To teach them this skill, developers train reasoning LLMs using a technique called Reinforcement Learning (RL). The model generates multiple possible answers to a question, receives a reward for the best candidate, and is updated based on the top answer. These steps are repeated thousands of times as the model learns.
But researchers found that the process of generating multiple answers, called rollout, can consume up to 85 percent of the execution time required for RL training.
“Updating the model – which is the actual ‘training’ part – takes comparatively very little time,” says Hu.
This bottleneck occurs in standard RL algorithms because all processors in the training group must complete their responses before moving on to the next step. Because some processors may be working on very long responses, others that generate shorter responses wait for them to finish.
“Our goal was to turn this wasted time into speedup without any wasted cost,” says Hu.
They tried to use an existing technique, called speculative decoding, to speed things up. Speculative decoding involves training a smaller model, called a drafter, to rapidly predict the future output of a larger model.
The larger model confirms the drafter’s predictions, and the responses it accepts are used for training.
Because the larger model can verify all of the drafter’s predictions at once, rather than generating each output sequentially, it speeds up the process.
an adaptive solution
But in speculative decoding, the drafter model is typically trained only once and remains stable.

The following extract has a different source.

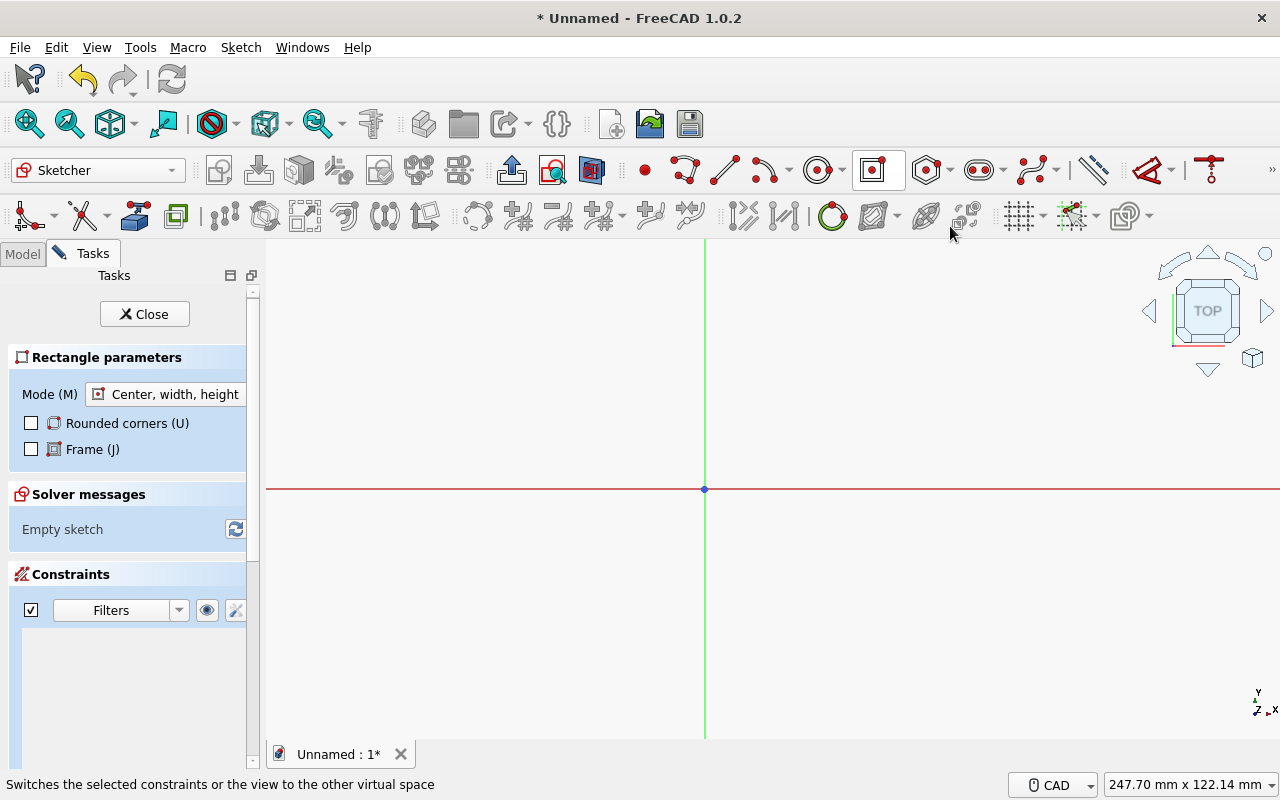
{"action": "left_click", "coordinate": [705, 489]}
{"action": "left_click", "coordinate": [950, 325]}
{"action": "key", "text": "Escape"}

This makes the technique infeasible for reinforcement learning, as the logic model is updated thousands of times during training.
A static drafter will quickly become stale and useless after just a few steps.
To overcome this problem, researchers created a flexible system known as “Taming the Long Tail” or TLT.
The first part of TLT is an adaptive drafter trainer, which uses free time on the idle processor to quickly train the drafter model, keeping it well aligned with the target model without using additional computational resources.
The second component, an adaptive rollout engine, manages speculative decoding to automatically select the optimal strategy for each new batch of inputs. This mechanism changes the speculative decoding configuration based on training workload features, such as the number of inputs processed by the draft model and the number of inputs accepted by the target model during validation.
Additionally, the researchers designed the DRAFT model to be lightweight so that it can be trained quickly. TLT reuses some components of the logic model training process to train Drafter, providing additional gains in acceleration.
“As soon as some processors complete their short queries and become idle, we immediately switch them to training draft models using the same data they are using for the rollout process. The key mechanism is our adaptive speculative decoding – these benefits would not be possible without it,” Hu says.
They tested TLT in several reasoning LLMs, which were trained using real-world datasets. The system sped up training by between 70 and 210 percent while preserving the accuracy of each model.
As an added bonus, the smaller Drafter model can be easily used as a free spin-off for efficient deployment.
In the future, researchers want to integrate TLT into more types of training and inference frameworks and find new reinforcement learning applications that can be accelerated using this approach.
“As logic inference is becoming the dominant workload with increasing demand, Qinghao’s TLT does a great job of tackling the computation bottleneck of training these logic models. I think this method will be very helpful in the context of efficient AI computing,” Han says.
This work is funded by the MIT-IBM Watson AI Lab, MIT AI Hardware Program, MIT Amazon Science Hub, Hyundai Motor Company, and the National Science Foundation.